:: RECORDS FOR THIS TASK

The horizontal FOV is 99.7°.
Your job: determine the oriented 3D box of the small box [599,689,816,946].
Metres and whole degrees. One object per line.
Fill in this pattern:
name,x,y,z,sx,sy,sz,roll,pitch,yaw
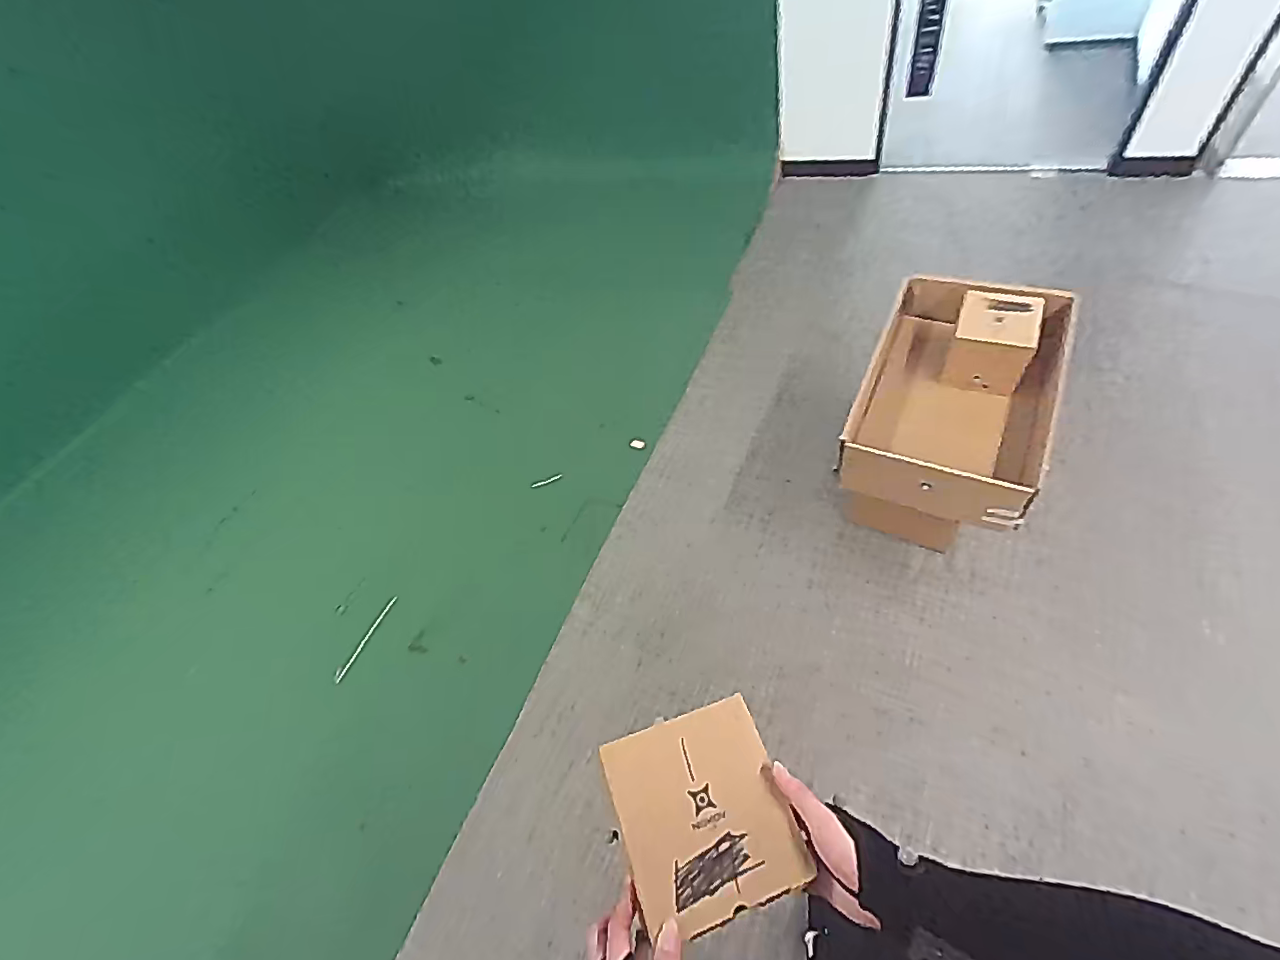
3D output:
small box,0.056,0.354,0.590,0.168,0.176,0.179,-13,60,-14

::::
:: RECORDS FOR THIS TASK

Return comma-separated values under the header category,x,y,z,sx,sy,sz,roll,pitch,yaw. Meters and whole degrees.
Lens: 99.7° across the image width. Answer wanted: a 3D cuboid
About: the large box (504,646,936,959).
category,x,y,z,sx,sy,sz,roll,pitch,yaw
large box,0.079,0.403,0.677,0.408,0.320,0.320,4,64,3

::::
:: RECORDS FOR THIS TASK

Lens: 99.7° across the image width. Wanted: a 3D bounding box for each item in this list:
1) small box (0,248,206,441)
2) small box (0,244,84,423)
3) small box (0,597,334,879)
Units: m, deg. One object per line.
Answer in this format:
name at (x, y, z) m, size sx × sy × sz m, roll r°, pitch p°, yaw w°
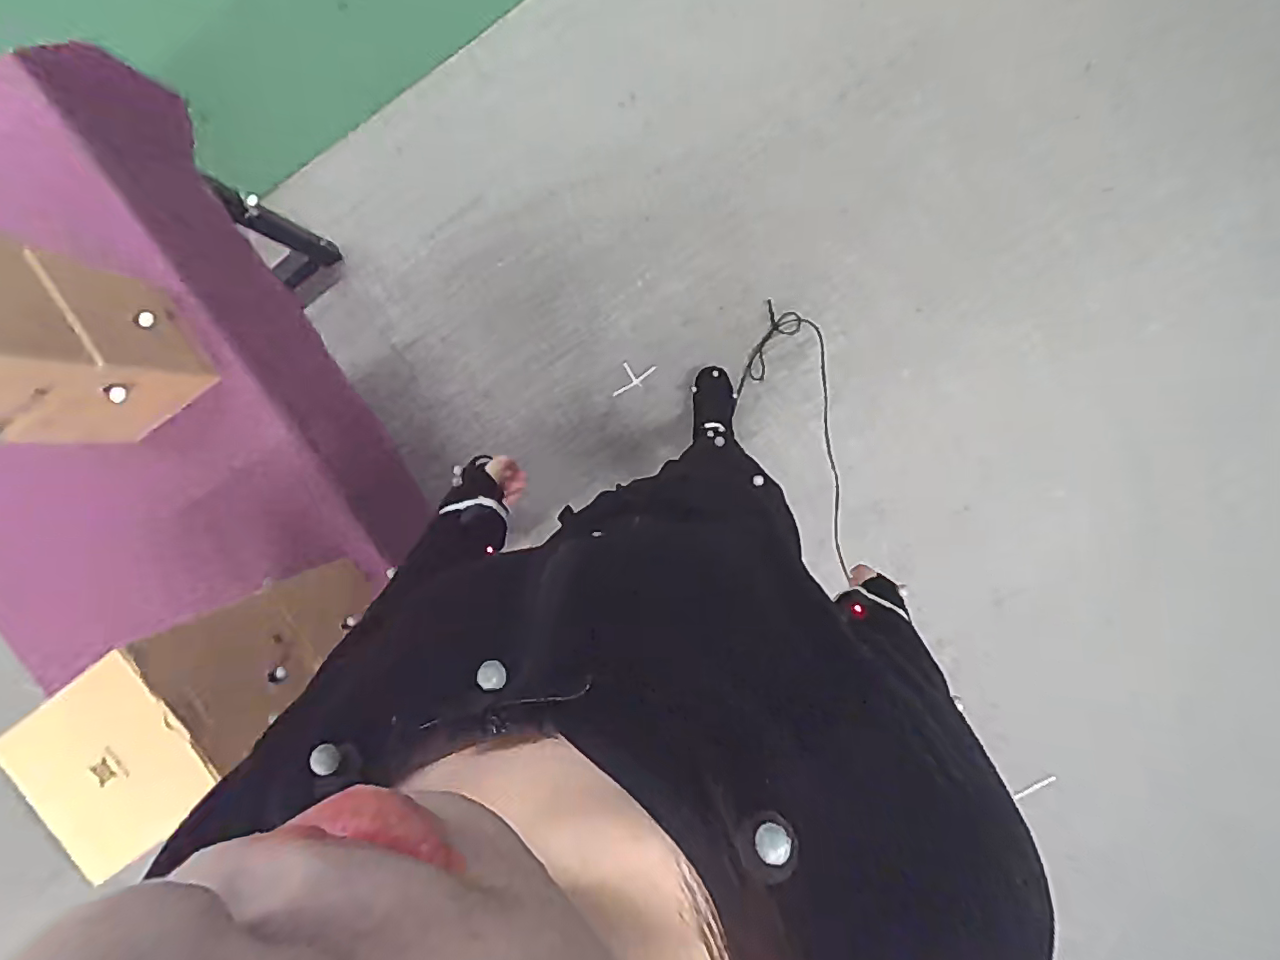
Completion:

::::

§ **TRY IT**
Show me every line in the data above that includes "name".

§ **YOUR RESPONSE**
name,x,y,z,sx,sy,sz,roll,pitch,yaw
name at (x, y, z) m, size sx × sy × sz m, roll r°, pitch p°, yaw w°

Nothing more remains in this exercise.